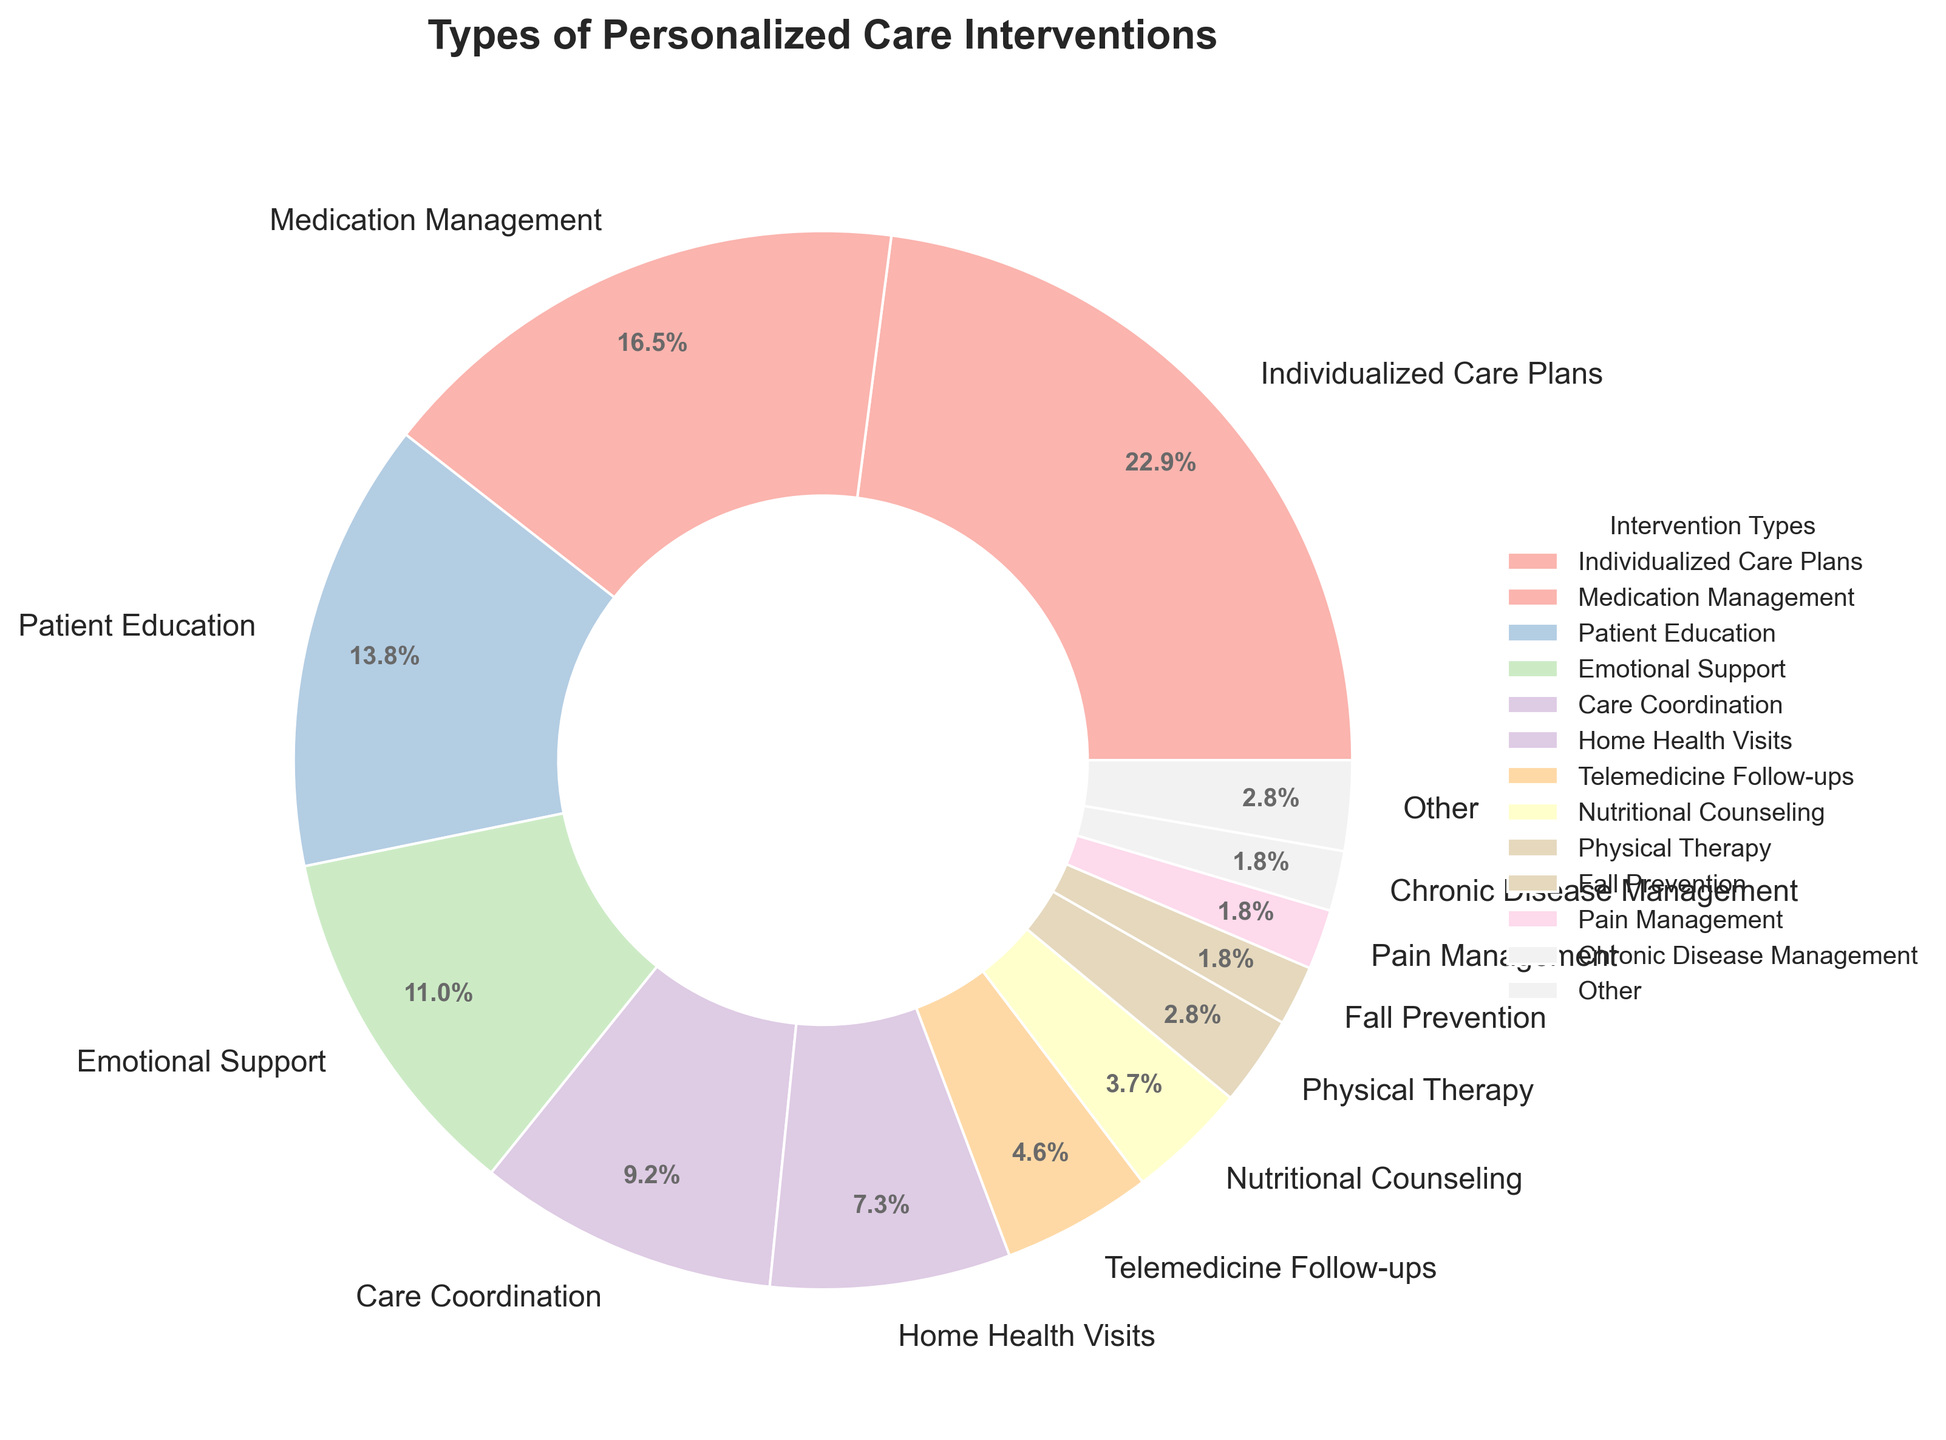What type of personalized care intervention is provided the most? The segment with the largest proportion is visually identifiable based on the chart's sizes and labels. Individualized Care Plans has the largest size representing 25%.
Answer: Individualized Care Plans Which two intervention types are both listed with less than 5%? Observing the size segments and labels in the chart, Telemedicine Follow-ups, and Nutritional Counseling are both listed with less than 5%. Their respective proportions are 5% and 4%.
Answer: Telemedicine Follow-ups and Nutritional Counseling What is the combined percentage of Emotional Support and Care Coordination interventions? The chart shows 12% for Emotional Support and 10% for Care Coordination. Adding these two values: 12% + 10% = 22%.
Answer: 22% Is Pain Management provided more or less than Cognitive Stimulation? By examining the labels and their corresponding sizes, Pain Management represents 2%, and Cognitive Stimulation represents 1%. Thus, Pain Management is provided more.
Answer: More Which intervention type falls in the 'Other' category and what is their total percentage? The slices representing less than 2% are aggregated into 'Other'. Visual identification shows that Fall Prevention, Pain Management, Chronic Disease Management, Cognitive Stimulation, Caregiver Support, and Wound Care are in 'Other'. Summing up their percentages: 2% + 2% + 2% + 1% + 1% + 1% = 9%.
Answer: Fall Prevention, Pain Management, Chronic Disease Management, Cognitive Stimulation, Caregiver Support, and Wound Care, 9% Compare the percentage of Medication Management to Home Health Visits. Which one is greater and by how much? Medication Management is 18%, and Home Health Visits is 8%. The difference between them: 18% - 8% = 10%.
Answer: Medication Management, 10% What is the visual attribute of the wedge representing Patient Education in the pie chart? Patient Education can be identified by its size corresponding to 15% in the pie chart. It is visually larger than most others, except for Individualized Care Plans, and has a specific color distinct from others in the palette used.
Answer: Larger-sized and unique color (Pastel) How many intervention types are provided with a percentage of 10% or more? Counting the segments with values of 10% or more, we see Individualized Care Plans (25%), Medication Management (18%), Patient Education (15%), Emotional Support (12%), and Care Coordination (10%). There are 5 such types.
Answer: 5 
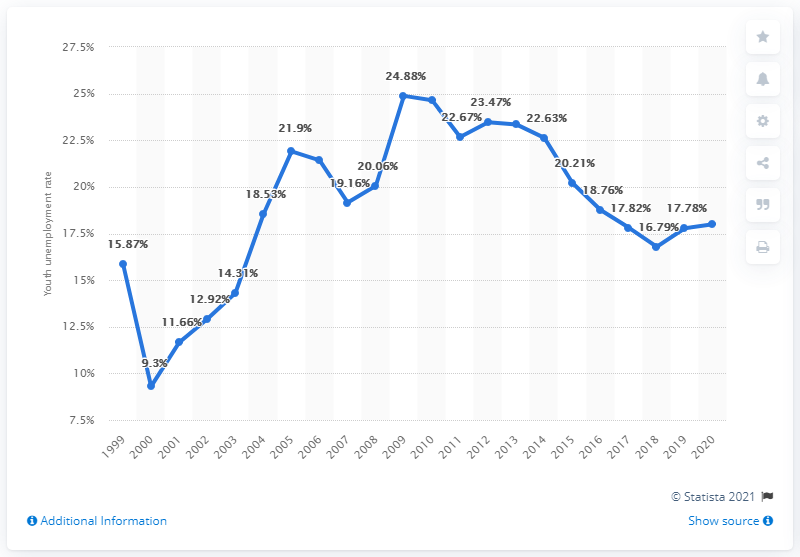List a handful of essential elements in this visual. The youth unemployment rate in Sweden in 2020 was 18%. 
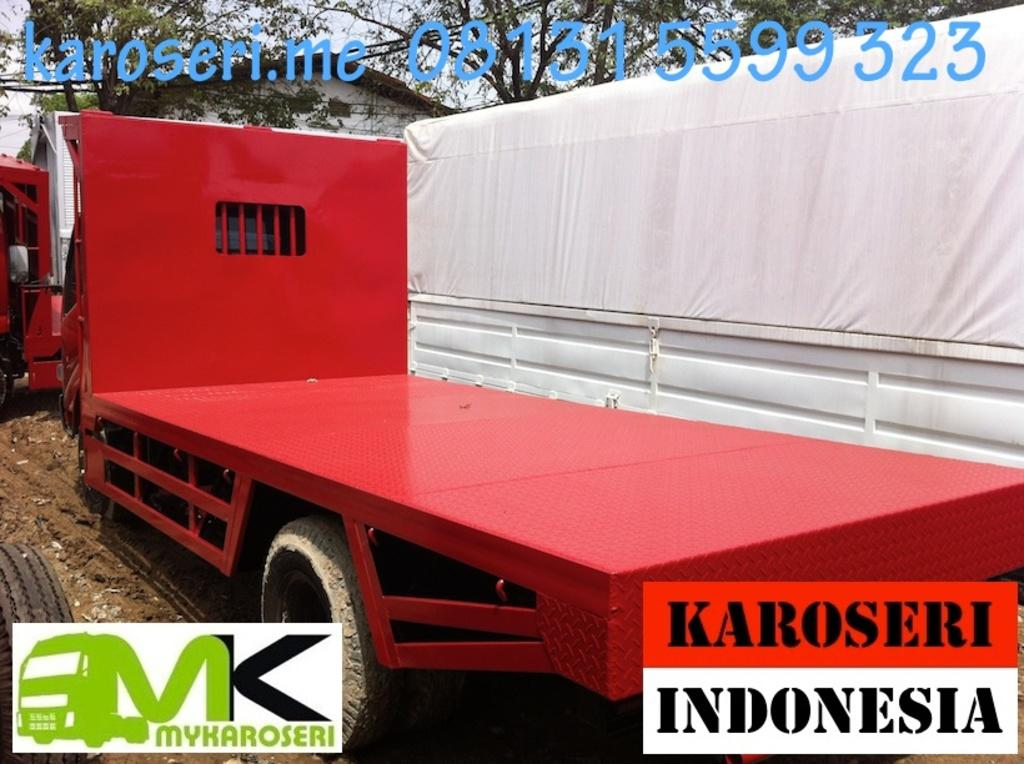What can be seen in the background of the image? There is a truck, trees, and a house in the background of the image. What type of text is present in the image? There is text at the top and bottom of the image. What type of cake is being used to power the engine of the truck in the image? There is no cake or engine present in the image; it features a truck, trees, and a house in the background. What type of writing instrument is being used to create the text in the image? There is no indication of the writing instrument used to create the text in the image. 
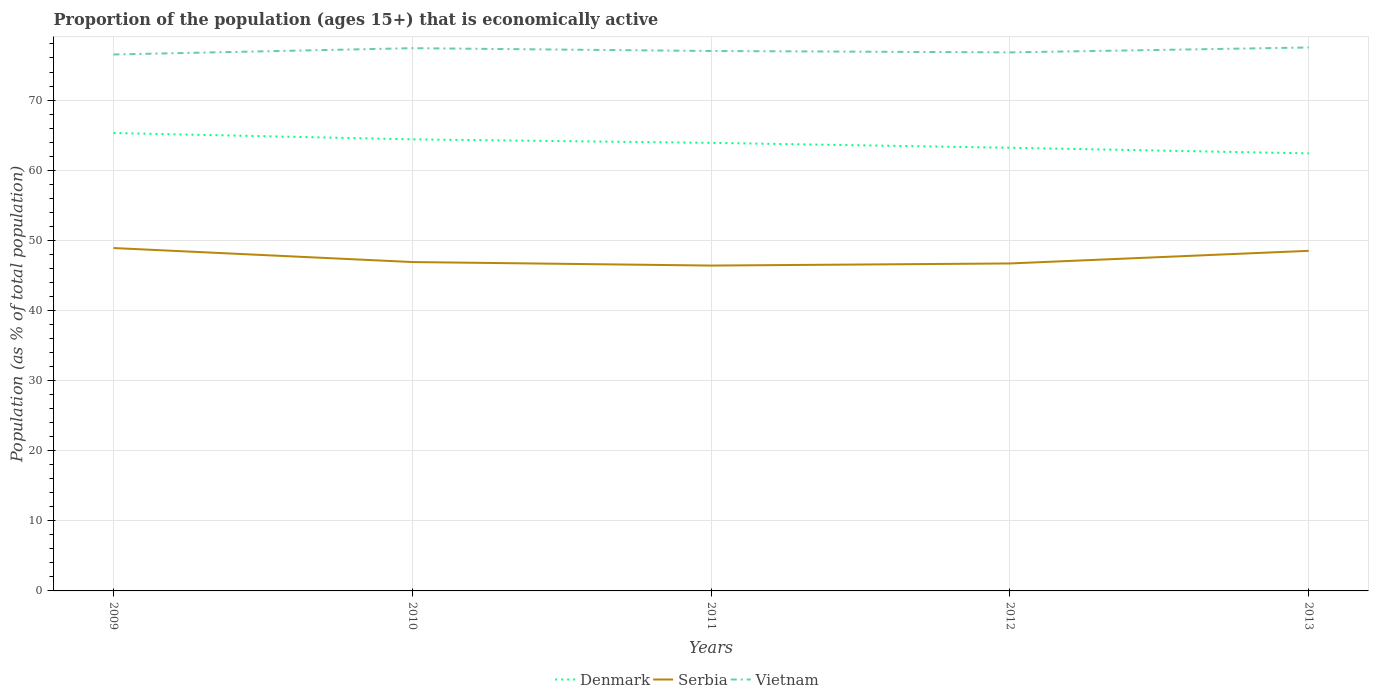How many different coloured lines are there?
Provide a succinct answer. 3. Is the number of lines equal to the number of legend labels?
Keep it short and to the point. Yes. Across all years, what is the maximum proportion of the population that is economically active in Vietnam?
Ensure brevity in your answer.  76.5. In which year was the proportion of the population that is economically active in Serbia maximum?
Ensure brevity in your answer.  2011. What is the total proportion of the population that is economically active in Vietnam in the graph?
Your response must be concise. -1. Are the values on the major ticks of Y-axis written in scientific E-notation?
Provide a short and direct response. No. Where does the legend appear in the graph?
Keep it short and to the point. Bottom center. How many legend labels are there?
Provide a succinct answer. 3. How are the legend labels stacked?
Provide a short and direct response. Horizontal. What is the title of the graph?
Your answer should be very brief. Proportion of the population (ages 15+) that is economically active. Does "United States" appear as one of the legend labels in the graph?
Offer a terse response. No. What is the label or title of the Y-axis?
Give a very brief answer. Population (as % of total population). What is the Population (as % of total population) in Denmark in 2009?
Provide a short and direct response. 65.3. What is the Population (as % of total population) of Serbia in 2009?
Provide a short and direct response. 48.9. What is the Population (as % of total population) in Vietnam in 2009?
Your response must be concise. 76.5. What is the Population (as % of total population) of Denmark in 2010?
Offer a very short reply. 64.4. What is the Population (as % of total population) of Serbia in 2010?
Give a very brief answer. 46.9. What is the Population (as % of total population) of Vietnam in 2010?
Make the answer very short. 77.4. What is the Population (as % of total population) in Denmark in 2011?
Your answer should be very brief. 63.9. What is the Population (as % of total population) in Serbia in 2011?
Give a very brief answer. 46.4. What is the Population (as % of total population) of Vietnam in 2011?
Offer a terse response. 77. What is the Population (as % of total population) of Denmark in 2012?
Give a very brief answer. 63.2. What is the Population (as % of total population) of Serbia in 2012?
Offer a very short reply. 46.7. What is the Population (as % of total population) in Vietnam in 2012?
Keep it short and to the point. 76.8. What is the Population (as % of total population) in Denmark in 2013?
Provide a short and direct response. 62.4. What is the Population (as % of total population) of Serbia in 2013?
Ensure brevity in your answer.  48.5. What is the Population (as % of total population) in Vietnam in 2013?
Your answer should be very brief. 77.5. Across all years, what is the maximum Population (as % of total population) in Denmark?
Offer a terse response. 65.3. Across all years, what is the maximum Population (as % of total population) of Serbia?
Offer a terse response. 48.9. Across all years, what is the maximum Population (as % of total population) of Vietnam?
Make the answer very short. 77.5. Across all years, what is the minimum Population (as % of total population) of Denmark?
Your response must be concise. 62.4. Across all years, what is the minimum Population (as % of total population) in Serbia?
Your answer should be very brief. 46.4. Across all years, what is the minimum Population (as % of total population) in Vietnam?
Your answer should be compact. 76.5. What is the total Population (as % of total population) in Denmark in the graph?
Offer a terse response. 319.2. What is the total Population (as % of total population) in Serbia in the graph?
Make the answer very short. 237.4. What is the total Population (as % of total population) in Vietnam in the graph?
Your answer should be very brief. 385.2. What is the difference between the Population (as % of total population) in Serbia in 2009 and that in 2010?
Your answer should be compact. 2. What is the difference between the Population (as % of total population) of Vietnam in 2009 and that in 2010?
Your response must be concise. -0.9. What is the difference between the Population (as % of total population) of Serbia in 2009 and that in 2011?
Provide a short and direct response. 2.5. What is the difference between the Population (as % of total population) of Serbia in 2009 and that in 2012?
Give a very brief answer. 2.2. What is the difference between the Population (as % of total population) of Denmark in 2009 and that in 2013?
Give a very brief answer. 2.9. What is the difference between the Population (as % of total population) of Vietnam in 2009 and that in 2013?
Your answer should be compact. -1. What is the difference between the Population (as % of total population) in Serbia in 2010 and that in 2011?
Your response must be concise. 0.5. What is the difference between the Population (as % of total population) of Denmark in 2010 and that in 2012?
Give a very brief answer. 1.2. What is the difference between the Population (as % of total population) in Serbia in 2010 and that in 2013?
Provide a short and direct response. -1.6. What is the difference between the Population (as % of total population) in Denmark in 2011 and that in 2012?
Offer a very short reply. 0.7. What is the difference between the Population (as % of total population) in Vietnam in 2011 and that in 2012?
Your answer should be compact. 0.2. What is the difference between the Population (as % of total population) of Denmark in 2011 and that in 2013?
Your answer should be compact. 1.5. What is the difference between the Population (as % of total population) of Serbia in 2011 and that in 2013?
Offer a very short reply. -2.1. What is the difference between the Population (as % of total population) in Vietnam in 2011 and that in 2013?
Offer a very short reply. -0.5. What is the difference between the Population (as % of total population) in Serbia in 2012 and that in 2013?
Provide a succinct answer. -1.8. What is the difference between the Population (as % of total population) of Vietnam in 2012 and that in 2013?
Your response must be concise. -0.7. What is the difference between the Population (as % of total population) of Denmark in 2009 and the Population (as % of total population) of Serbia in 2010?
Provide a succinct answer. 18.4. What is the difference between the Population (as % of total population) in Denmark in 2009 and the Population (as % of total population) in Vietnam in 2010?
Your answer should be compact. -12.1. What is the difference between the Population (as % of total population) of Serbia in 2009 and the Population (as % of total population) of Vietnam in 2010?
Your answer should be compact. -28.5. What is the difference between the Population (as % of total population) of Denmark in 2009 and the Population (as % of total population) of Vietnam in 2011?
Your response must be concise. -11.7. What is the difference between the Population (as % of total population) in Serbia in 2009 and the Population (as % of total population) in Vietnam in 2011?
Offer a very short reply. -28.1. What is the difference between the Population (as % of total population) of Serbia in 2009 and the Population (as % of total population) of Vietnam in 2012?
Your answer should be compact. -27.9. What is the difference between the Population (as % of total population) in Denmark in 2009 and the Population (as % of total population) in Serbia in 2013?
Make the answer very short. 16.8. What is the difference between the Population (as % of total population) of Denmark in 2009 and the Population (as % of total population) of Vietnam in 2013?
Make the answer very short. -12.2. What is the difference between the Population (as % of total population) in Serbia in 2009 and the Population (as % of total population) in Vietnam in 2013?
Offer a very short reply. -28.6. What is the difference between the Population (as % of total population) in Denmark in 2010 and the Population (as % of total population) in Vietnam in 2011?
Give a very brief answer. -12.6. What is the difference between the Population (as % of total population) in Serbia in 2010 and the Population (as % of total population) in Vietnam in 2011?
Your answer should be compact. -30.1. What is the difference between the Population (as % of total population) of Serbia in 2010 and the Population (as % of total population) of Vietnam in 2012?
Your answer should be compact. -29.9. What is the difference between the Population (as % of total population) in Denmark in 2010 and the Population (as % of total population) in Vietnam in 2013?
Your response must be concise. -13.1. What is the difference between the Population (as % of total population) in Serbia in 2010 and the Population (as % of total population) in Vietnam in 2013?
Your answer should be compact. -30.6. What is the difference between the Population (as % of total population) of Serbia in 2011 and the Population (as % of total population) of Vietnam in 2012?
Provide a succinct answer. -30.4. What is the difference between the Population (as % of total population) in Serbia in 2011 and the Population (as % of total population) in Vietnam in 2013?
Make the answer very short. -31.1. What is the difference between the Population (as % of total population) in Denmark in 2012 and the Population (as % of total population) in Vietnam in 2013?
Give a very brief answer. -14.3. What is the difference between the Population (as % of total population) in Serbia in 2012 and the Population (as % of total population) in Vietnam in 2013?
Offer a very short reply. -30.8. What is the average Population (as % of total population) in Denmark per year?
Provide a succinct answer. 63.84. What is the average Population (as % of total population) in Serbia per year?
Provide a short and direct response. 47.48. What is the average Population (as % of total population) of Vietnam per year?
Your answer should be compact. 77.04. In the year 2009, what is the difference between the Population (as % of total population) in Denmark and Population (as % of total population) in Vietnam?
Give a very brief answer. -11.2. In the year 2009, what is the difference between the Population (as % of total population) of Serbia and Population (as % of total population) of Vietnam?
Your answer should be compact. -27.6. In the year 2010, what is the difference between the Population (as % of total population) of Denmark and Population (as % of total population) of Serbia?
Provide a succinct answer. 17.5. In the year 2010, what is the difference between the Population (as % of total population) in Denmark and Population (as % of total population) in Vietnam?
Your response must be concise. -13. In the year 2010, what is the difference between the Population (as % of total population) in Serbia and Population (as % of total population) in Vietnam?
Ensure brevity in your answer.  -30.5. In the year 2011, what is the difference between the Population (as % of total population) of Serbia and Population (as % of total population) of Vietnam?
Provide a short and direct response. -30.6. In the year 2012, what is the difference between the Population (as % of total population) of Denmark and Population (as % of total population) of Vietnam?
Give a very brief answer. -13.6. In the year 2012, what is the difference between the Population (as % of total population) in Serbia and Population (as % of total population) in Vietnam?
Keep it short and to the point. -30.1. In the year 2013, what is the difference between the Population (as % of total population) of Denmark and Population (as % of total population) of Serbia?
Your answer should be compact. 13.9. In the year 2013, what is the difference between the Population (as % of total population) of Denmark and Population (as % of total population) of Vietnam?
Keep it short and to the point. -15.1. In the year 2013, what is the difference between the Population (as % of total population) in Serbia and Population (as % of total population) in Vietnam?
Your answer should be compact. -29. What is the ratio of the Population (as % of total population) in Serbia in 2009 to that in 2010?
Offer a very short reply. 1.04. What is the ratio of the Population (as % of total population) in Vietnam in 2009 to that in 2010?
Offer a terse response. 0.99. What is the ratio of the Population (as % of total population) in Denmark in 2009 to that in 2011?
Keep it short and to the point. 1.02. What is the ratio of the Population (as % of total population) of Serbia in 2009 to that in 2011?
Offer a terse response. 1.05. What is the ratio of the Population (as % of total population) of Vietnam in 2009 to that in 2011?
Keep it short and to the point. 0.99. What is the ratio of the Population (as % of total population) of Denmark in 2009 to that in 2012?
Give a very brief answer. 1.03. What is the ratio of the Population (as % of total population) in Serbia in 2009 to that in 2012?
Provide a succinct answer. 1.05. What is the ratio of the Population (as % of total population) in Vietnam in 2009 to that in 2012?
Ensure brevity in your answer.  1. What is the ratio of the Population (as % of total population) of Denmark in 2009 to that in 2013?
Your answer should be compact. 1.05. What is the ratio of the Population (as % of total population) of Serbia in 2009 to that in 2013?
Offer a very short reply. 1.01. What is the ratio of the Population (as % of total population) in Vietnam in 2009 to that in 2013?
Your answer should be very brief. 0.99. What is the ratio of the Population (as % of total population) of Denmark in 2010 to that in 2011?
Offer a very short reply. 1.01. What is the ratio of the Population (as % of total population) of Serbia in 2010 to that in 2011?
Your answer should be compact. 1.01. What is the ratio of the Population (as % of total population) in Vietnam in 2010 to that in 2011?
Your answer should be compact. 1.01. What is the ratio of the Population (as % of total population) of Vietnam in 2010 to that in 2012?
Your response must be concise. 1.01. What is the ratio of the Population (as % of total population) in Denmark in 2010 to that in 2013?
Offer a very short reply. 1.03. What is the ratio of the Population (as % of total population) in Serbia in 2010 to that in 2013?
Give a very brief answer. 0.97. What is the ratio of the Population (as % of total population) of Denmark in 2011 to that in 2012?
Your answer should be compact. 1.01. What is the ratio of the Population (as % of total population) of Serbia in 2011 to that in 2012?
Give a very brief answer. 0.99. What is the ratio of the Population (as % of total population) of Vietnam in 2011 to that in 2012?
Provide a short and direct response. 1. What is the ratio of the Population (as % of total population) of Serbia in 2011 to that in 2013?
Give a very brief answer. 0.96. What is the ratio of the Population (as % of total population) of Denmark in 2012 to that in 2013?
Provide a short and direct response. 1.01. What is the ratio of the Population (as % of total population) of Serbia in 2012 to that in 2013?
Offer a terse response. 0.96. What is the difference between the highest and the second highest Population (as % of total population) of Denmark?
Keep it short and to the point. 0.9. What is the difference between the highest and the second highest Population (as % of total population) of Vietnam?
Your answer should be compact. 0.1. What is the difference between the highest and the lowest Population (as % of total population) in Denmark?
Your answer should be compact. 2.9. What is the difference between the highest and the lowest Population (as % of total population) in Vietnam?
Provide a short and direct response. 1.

◆ ◆ ◆ ◆

### Problem description
Every line of the material above that contains "legend" should be counted; give the total only.

### Solution for this task
5